Demo: Build Terrain Mesh With Footprints¶

This demo illustrates how to build a terrain mesh that conforms to building footprints.

To run the demo, type:

$ python build_terrain_mesh_with_footprints.py

Purpose¶

This demo demonstrates how to download point cloud data and building footprints from the OSM provider, process and simplify the footprints, and then build a terrain mesh with the footprints serving as subdomains. This approach allows the mesh to better conform to the building boundaries.

Step-by-step¶

Define Bounds: Specify the spatial bounds for a residential area in Helsingborg by setting a height/width value (here, 2000.0 units).
```
h = 2000.0
bounds = dtcc.Bounds(319891, 6399790, 319891 + h, 6399790 + h)
```
Download Data: Retrieve the point cloud and building footprints using the appropriate functions. The footprints are downloaded from the OSM provider.
```
pointcloud = dtcc.download_pointcloud(bounds=bounds)
buildings = dtcc.download_footprints(bounds=bounds, provider="OSM")
```
Process the Point Cloud: Remove global outliers from the point cloud to reduce noise.
```
pointcloud = pointcloud.remove_global_outliers(3.0)
```

Process and Simplify Footprints: Merge, simplify, and adjust the building footprints. These steps ensure that the footprints are clean and suitable for defining subdomains in the mesh.

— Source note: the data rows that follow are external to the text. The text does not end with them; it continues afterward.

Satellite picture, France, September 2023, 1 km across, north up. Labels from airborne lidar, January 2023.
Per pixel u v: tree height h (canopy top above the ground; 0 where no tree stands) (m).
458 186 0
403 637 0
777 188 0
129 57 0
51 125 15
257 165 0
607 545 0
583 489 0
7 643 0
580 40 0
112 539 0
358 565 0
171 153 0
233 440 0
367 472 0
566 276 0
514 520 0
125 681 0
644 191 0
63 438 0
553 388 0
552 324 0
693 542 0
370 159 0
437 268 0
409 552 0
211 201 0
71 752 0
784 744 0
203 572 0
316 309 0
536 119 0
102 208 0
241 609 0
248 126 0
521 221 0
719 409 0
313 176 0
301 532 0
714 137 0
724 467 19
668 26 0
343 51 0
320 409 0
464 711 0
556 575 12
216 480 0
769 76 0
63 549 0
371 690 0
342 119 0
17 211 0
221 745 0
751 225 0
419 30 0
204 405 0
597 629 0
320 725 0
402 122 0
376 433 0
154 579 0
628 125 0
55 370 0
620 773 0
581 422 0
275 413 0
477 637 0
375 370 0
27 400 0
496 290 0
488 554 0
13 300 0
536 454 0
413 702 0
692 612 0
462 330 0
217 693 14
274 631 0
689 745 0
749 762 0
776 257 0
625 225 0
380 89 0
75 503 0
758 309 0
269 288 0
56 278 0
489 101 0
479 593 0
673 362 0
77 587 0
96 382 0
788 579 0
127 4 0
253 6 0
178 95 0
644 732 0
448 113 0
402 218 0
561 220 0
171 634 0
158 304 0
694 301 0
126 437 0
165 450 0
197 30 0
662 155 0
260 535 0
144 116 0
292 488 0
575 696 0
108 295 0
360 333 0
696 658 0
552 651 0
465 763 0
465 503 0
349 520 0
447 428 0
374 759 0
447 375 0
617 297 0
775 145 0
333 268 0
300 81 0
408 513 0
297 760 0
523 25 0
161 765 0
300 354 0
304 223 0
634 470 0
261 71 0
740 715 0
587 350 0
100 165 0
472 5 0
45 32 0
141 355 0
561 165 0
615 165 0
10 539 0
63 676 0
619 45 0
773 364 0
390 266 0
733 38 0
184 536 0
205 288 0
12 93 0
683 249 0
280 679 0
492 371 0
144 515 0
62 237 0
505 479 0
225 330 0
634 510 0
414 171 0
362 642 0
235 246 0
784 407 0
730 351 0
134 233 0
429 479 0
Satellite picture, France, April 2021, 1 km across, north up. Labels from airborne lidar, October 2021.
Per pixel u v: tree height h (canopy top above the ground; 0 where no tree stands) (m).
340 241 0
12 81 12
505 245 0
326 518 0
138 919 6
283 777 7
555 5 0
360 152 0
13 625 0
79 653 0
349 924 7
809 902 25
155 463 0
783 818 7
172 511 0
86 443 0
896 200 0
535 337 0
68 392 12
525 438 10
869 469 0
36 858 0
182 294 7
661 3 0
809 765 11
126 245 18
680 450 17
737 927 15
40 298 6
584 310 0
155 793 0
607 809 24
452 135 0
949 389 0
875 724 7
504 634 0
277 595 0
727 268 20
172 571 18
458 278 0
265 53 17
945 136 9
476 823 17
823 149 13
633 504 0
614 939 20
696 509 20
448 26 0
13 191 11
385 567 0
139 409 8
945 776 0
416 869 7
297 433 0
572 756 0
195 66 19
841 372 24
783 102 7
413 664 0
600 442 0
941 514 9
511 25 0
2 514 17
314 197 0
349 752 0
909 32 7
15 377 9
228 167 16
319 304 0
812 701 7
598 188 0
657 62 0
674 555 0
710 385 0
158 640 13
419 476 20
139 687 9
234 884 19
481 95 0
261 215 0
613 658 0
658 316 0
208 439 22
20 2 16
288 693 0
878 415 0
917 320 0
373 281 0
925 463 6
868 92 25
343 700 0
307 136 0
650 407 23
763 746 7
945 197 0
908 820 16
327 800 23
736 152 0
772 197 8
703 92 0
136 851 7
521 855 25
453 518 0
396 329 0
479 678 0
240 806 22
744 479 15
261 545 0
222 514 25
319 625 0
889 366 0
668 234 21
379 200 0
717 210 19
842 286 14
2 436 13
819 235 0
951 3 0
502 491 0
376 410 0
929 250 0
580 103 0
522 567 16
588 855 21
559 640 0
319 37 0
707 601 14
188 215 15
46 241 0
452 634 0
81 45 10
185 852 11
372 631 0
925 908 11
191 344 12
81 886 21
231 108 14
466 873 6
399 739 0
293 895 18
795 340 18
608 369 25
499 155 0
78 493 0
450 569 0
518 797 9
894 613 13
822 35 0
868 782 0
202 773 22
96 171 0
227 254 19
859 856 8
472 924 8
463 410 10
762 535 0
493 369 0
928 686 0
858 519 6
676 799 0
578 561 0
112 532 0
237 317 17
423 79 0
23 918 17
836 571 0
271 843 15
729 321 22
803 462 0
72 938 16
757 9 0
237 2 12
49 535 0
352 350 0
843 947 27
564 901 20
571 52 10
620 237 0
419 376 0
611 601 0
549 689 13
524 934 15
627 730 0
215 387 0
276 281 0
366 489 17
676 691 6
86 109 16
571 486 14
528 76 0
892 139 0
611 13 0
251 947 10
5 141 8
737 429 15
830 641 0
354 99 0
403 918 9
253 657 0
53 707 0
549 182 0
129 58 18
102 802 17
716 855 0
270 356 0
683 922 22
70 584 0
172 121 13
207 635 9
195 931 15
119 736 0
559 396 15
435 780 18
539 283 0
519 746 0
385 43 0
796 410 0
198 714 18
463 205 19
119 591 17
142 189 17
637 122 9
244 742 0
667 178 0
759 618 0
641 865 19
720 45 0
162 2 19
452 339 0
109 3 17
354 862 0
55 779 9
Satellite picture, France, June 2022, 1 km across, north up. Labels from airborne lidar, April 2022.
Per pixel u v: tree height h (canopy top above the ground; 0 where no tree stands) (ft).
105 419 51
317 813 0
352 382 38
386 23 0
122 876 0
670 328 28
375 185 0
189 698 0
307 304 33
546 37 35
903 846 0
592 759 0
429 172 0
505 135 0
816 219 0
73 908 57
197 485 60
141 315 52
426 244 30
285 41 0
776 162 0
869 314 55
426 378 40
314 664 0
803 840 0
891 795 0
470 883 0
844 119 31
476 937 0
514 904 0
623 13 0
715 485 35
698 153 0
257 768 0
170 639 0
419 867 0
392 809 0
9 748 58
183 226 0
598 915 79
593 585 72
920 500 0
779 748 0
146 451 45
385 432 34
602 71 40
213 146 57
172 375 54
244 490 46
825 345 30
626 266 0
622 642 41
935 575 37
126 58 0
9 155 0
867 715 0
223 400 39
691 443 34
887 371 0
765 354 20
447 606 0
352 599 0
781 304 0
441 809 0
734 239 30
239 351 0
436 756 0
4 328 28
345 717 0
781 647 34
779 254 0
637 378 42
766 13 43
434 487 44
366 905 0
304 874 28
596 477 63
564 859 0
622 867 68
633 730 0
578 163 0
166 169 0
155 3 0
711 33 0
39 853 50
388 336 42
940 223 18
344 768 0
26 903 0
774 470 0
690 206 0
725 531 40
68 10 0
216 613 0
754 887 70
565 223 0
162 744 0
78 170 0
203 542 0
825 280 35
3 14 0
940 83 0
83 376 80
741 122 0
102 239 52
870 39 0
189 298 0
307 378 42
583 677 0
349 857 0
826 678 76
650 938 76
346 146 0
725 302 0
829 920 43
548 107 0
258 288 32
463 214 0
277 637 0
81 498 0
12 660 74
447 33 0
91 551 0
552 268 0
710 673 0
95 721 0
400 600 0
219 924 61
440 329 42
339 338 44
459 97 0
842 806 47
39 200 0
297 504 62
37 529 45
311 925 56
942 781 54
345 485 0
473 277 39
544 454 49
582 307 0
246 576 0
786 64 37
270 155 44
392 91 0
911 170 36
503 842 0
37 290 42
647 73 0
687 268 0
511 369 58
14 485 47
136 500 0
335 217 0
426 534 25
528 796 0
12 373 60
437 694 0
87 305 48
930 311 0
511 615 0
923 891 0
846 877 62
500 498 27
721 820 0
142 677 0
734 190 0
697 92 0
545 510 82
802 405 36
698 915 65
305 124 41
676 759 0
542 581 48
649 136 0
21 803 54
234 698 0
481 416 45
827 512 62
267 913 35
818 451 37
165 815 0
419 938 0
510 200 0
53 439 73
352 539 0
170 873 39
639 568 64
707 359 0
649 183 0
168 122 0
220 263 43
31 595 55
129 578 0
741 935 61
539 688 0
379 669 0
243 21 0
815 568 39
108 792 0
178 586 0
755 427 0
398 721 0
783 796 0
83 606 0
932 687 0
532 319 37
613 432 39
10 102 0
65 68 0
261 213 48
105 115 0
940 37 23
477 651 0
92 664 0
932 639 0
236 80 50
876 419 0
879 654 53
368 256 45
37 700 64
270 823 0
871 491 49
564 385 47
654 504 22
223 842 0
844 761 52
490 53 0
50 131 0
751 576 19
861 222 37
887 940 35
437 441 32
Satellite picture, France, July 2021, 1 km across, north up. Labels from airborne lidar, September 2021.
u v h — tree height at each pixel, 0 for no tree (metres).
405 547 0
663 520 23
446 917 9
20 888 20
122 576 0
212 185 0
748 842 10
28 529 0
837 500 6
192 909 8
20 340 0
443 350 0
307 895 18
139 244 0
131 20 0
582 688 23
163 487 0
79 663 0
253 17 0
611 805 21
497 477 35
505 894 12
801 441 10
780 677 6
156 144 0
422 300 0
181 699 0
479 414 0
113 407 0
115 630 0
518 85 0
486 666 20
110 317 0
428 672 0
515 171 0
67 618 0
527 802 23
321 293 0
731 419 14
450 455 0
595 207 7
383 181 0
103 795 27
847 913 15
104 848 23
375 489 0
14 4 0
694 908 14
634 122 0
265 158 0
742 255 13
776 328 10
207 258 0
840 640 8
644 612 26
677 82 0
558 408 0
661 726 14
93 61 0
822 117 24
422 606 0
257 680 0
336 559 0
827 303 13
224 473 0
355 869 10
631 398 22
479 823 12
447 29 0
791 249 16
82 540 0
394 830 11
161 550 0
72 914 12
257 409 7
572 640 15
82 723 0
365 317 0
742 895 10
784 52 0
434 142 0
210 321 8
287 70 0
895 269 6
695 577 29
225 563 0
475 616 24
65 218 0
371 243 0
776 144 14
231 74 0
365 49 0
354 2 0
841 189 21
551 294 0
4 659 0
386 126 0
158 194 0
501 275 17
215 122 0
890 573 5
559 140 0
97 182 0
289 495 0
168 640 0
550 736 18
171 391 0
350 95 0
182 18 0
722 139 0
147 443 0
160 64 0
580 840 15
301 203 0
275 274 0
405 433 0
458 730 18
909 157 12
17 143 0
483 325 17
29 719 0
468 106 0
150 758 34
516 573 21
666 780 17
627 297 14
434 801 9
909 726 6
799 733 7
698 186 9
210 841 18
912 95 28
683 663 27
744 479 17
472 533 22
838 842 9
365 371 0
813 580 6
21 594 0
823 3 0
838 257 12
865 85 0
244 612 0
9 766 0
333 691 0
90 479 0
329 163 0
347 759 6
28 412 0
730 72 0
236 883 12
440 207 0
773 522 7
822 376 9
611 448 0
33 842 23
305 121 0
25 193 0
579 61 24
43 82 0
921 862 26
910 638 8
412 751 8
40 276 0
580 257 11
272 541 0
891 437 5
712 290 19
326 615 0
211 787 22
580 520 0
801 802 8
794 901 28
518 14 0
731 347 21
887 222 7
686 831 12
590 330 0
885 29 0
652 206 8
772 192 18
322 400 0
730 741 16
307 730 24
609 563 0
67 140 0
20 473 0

buildings = dtcc.merge_building_footprints(buildings, max_distance=0.5,
                                           min_area=10)
buildings = dtcc.simplify_building_footprints(buildings, tolerance=0.25)
buildings = dtcc.fix_building_footprint_clearance(buildings, 0.5)

Extract Footprints: Extract the simplified footprints (using the LOD0 representation) from the processed building objects.
```
footprints = [building.lod0 for building in buildings]
```

Define Subdomain Resolutions: Set subdomain resolutions, assigning different resolutions for alternate buildings.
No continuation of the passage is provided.